# Newbie



## Jim5150 (Nov 30, 2018)

Hi everyone ! Thought I would give this a try. I'm retired and going to Mexico for a bit and possibly staying for good. I'm using Puerto Vallarta as a starting point to call home base as I look around Mexico for that special place to call home. I'm arriving in PV December 3 and I can't wait! I would love to hear from anyone in the area around that time.


----------



## chicois8 (Aug 8, 2009)

Welcome to the board Jim, I lived in a beach town north of PV for 11 years so if you have any questions about that area just ask away...........Rick


----------



## Jim5150 (Nov 30, 2018)

*Newbe*

Thanks for your reply Rick.
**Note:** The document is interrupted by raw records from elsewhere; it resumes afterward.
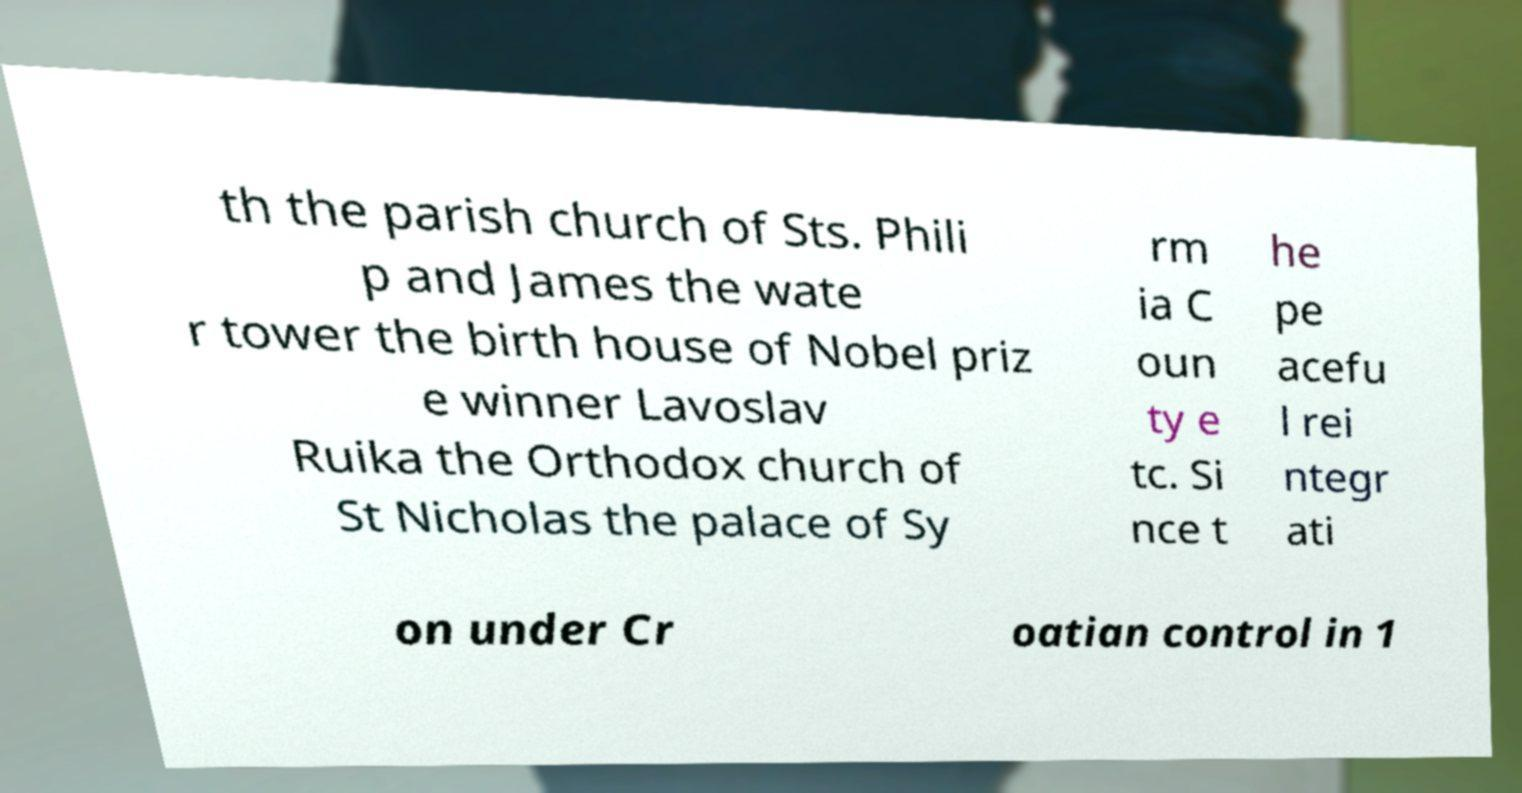Please read and relay the text visible in this image. What does it say? th the parish church of Sts. Phili p and James the wate r tower the birth house of Nobel priz e winner Lavoslav Ruika the Orthodox church of St Nicholas the palace of Sy rm ia C oun ty e tc. Si nce t he pe acefu l rei ntegr ati on under Cr oatian control in 1 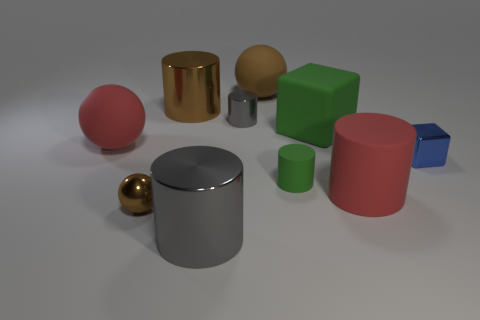What number of objects are either red objects or yellow shiny blocks?
Offer a very short reply. 2. How many other things are the same shape as the brown rubber object?
Your response must be concise. 2. Is the material of the red thing that is left of the brown shiny cylinder the same as the cylinder in front of the tiny brown thing?
Your response must be concise. No. What shape is the tiny thing that is both left of the large rubber cylinder and on the right side of the brown matte thing?
Your answer should be compact. Cylinder. Are there any other things that are the same material as the small green cylinder?
Give a very brief answer. Yes. There is a big cylinder that is both in front of the small shiny cylinder and behind the tiny shiny sphere; what is it made of?
Give a very brief answer. Rubber. What shape is the blue object that is the same material as the tiny brown ball?
Offer a terse response. Cube. Is there anything else that is the same color as the metallic ball?
Keep it short and to the point. Yes. Is the number of big brown cylinders in front of the small gray metal cylinder greater than the number of spheres?
Offer a terse response. No. What is the material of the tiny block?
Make the answer very short. Metal. 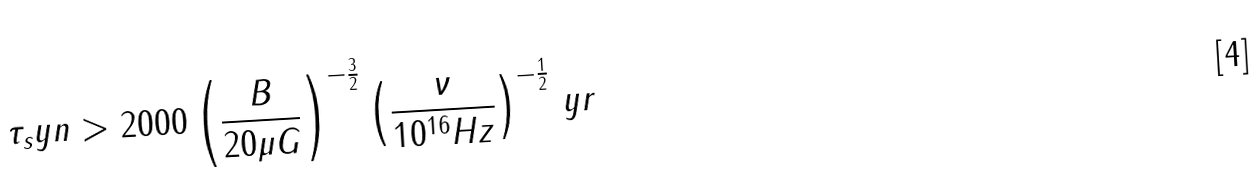<formula> <loc_0><loc_0><loc_500><loc_500>\tau _ { s } y n > 2 0 0 0 \left ( \frac { B } { 2 0 \mu G } \right ) ^ { - \frac { 3 } { 2 } } \left ( \frac { \nu } { 1 0 ^ { 1 6 } H z } \right ) ^ { - \frac { 1 } { 2 } } \, y r</formula> 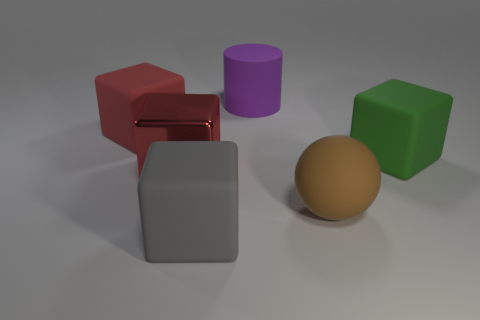Add 4 rubber cylinders. How many objects exist? 10 Subtract all gray matte blocks. How many blocks are left? 3 Subtract all purple cylinders. How many red cubes are left? 2 Subtract all green blocks. How many blocks are left? 3 Subtract 1 cylinders. How many cylinders are left? 0 Subtract all cylinders. How many objects are left? 5 Add 2 big things. How many big things are left? 8 Add 3 red matte cubes. How many red matte cubes exist? 4 Subtract 1 purple cylinders. How many objects are left? 5 Subtract all red blocks. Subtract all yellow cylinders. How many blocks are left? 2 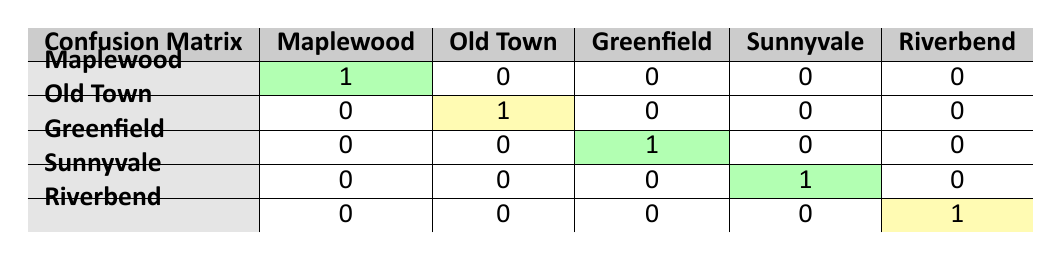What location had the highest number of actual purchases that matched the preferences? The matrix shows a green cell for Maplewood, Greenfield, and Sunnyvale, indicating matches in these locations. Since all three have one match, they tie for the highest number of matches.
Answer: Maplewood, Greenfield, Sunnyvale How many actual purchases were made in the Old Town area according to the table? The table shows one actual purchase for Old Town, which is marked in yellow.
Answer: 1 Did any preferences for houses with 5 bedrooms lead to actual purchases? The table lists preferences for Riverbend as having 5 bedrooms, but the actual purchase shows Riverbend with only 4 bedrooms. Since there are no matches, the answer is no.
Answer: No What is the total number of preferences that resulted in successful purchases? By checking each row in the table, we see that there are successful matches for Maplewood, Old Town, Greenfield, Sunnyvale, and one for Riverbend. Therefore, the total number of successful purchases is five.
Answer: 5 Was the budget range for actual purchases in Sunnyvale within the requested budget range? Sunnyvale's actual purchase budget was 350k, which is within the 300k-400k requested budget range given in the preferences. Therefore, the answer is yes.
Answer: Yes How many preferences had a budget of 700k or more, and how many matched? The preferences show one house in Riverbend with a budget of 700k-800k. A check reveals that Riverbend was purchased for 750k, which matches the preference. Thus, there is one preference over 700k that matched.
Answer: 1 In which location did the preference lead to a purchase but did not match the style? The table shows a preference for Old Town with a Victorian style, but the actual purchase was a Colonial style. This indicates a style mismatch in this location.
Answer: Old Town What percentage of the total preferences resulted in successful actual purchases? There are 5 preferences and 5 successful actual purchases. To find the percentage, we calculate (5/5) * 100, which equals 100%.
Answer: 100% Did any of the styles requested in the preferences lead to no matches at all? By looking at the table, we observe that all styles in preferences have at least one purchase match. Therefore, there are no styles that led to no matches.
Answer: No

Do you think it is realistic to think I can rent a 1_bdrm apartment with a/c for around $ 500- 600 a month in old town or close by? So hard to determine looking on line. Thanks!


----------



## chicois8 (Aug 8, 2009)

You really need boots on the ground but my girlfriend rents a very nice apt. in old town and she pays $200 USD a month...You might want to stay in an inexpensive hotel like the RIO across the bridge from OT and start looking for signs and asking around......hope this helps.


----------



## Jim5150 (Nov 30, 2018)

Helps a lot thank you! Imma Google Rio now.


----------